Concentration of volume towards the boundary Consider a Euclidean space $X$ of large dimension $N$. For a measurable subset $G\subseteq X$ and $\varepsilon>0$ let
$$G_\varepsilon:=\{x\in G\mid B_\varepsilon(x)\subseteq G\}$$
be the set of all points in $G$ with distance at least $\varepsilon$ from the boundary of $G$.
I am looking for results of the form
$$\mathrm{Vol}(G_\varepsilon)/\mathrm{Vol}(G)\leq \exp(-N\rho(\varepsilon))$$
for bounded measurable sets (or similar results).
This is to make precise the intuition that, as the dimension of the space increases a larger fraction of the volume of a set is concentrated near the boundary.
For example let $G=[0-\varepsilon,1+\varepsilon]^N$, then
$G_\varepsilon=[0,1]^N$ and the volume fraction above becomes $(1+2\varepsilon)^{-N}$ hence the conjecture for exponential decrease.
Are there any results available already?
 A: $\newcommand\ep\varepsilon\newcommand\R{\mathbb R}$Suppose that $G$ is a measurable subset of $\R^N$ with volume $|G|>0$ such that
$$|G|\le C^N|B|,$$
where $C>0$ is a real constant and $B$ is the unit ball in $\R^N$.
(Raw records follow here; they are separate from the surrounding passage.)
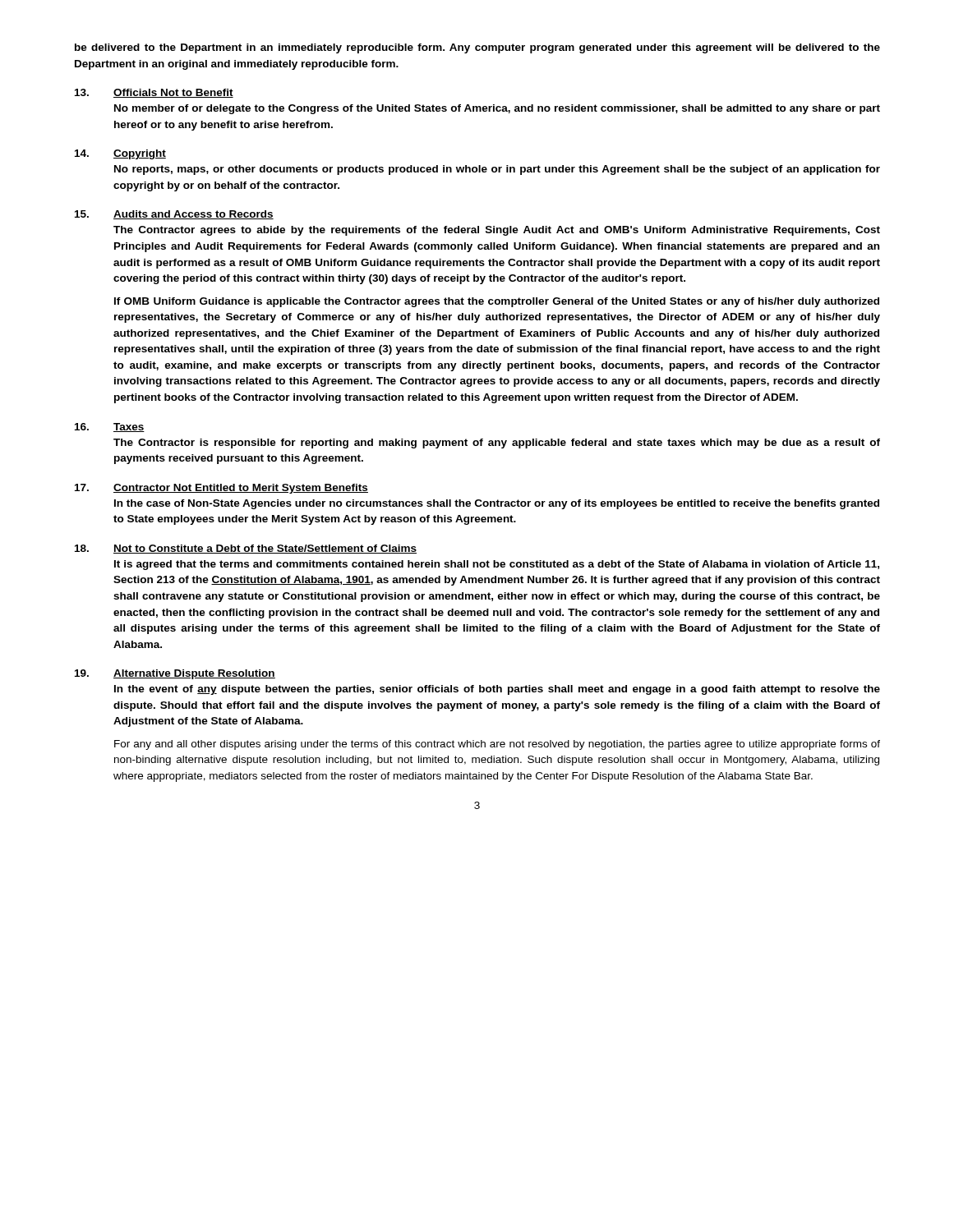This screenshot has height=1232, width=954.
Task: Where is the passage that starts "No member of or delegate"?
Action: tap(497, 116)
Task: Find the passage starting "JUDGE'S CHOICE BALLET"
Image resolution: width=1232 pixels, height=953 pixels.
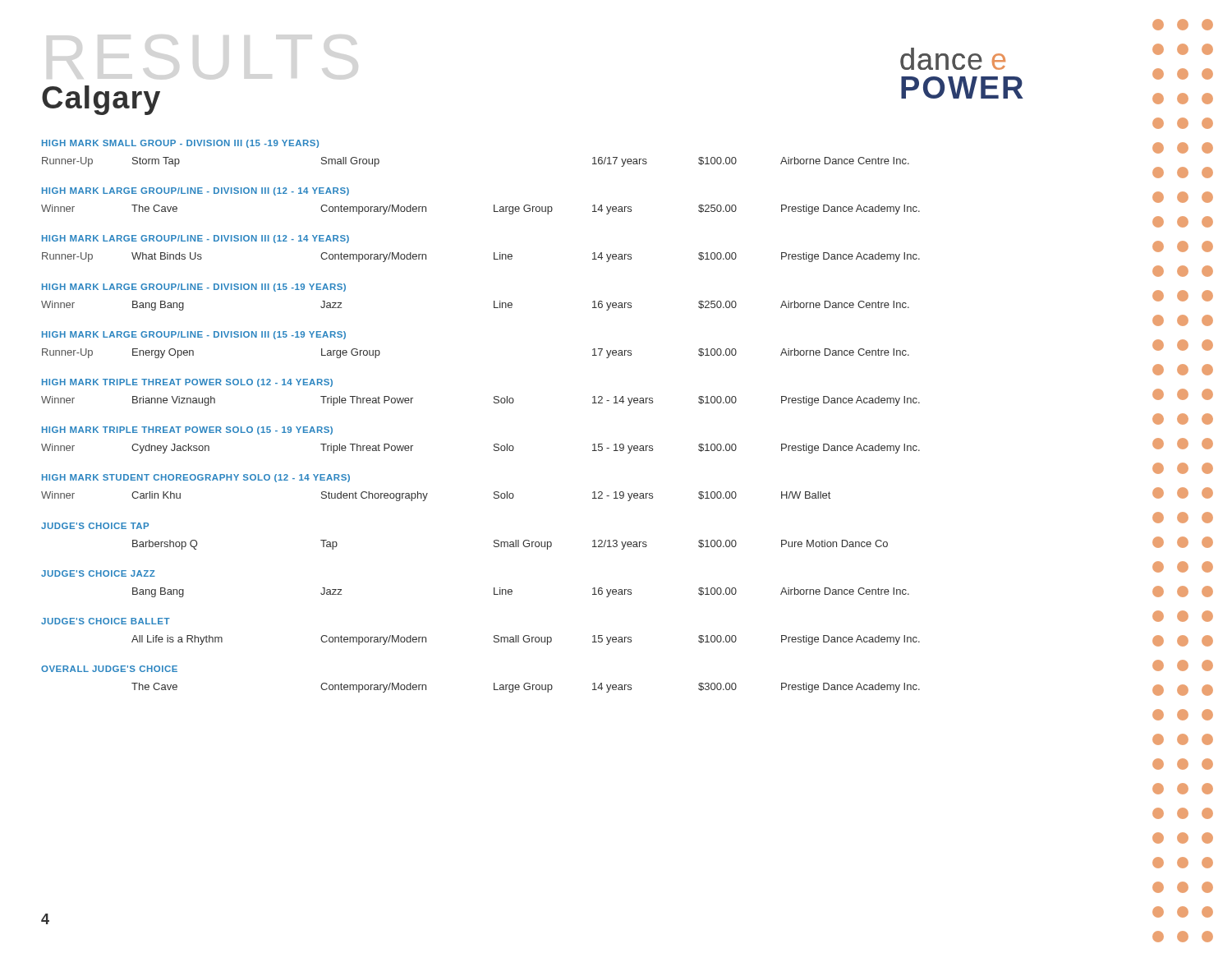Action: click(x=106, y=621)
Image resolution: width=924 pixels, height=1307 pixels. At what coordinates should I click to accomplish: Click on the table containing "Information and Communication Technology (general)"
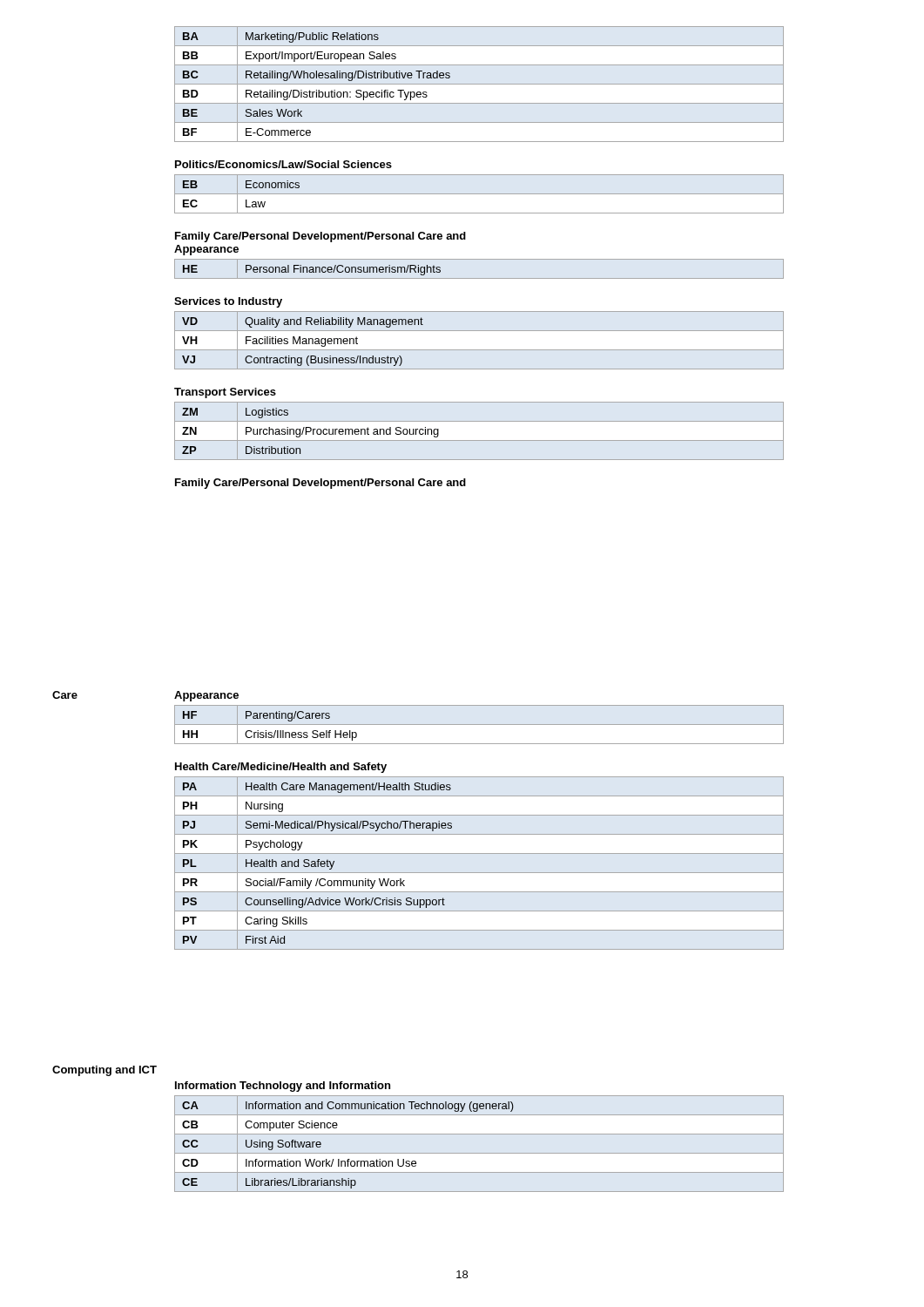(479, 1144)
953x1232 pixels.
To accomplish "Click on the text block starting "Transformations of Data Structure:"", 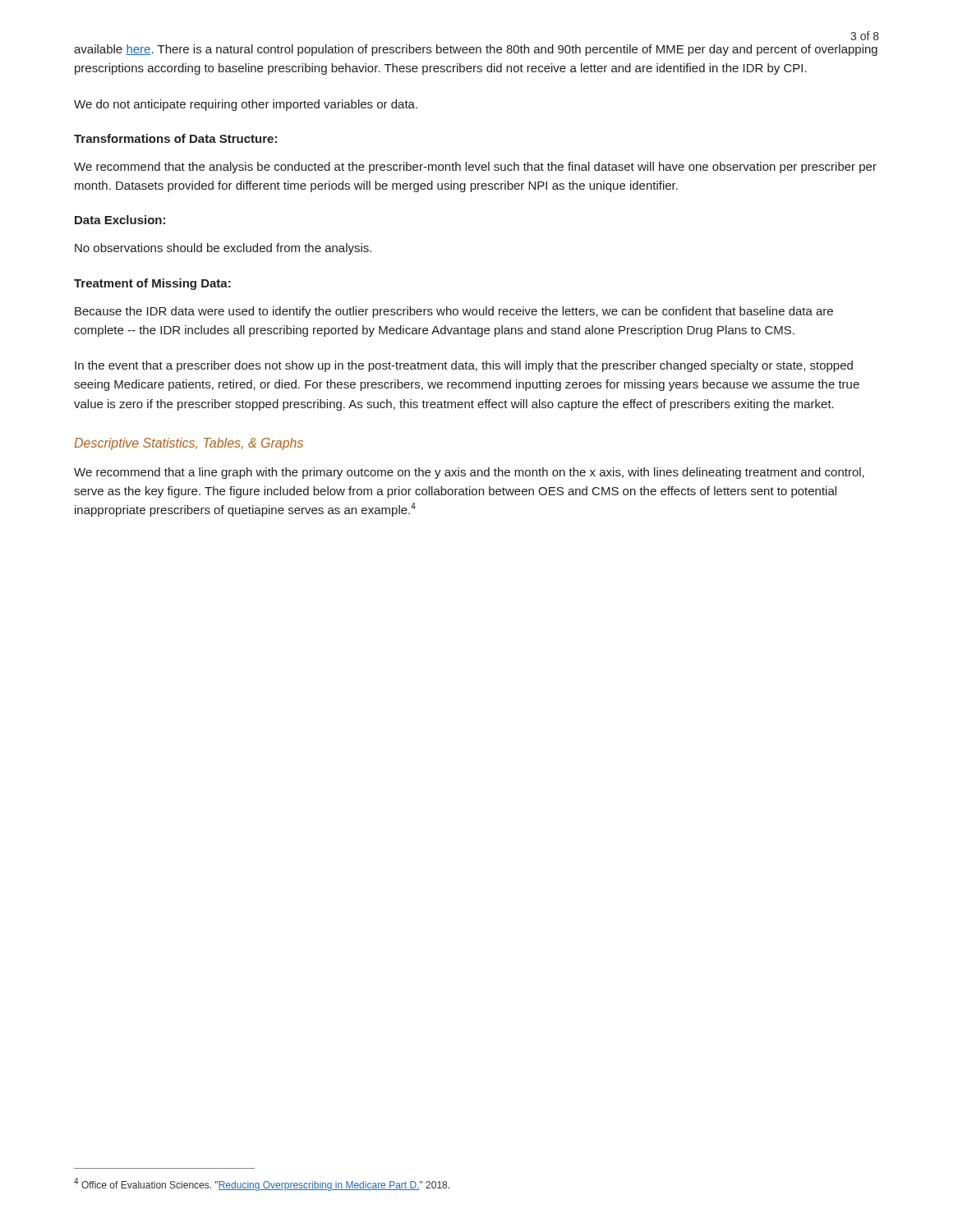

Without loss of generality (wlog), $|G_\ep|>0$. Also, $G_\ep+\ep B\subseteq G$ for any real $\ep>0$. So, in view of the Brunn--Minkowski inequality,
$$|G|\ge|G_\ep+\ep B|\ge(|G_\ep|^{1/N}+\ep|B|^{1/N})^N
=|G_\ep|\Big(1+\ep\Big(\frac{|B|}{|G_\ep|}\Big)^{1/N}\Big)^N
\ge|G_\ep|\Big(1+\ep\Big(\frac{|B|}{|G|}\Big)^{1/N}\Big)^N
\ge|G_\ep|\Big(1+\frac\ep C\Big)^N.
$$
Thus,
$$\frac{|G_\ep|}{|G|}\le e^{-N\rho(\ep)},\tag{1}\label{1}$$
where $\rho(\ep):=\ln(1+\frac\ep C)$.

Here is another (better?) statement:
Suppose that $|G|>0$ and the values of the (outer) measure of the projections of $G$ onto the $N$ coordinate axes of $\R^N$ are no greater than positive numbers $L_1,\dots,L_N$, respectively. Then
$$\frac{|G_\ep|}{|G|}\le\prod_{i=1}^N(1-2\ep/L_i)_+,$$
where $u_+:=\max(0,u)$.
For $N=1$, this follows almost immediately from the definition of the outer measure. For $N>1$, this follows by induction, using one-dimensional cross-sections and the Tonelli theorem.
In particular, if $L_i=L>0$ for all $i$, then
$$\frac{|G_\ep|}{|G|}\le(1-2\ep/L)_+^N\le e^{-2N\ep/L}. \tag{2}\label{2}$$
A further improvement can be obtained by replacing $L_i$, for each $i$, by an upper bound on the measures of all one-dimensional cross-sections of $G$ in the direction of the $i$th coordinate axis.
By considering $G=CB$ and $G=[0,L]^N$, it is clear that the bounds in \eqref{1} and \eqref{2} are optimal, each in its own way.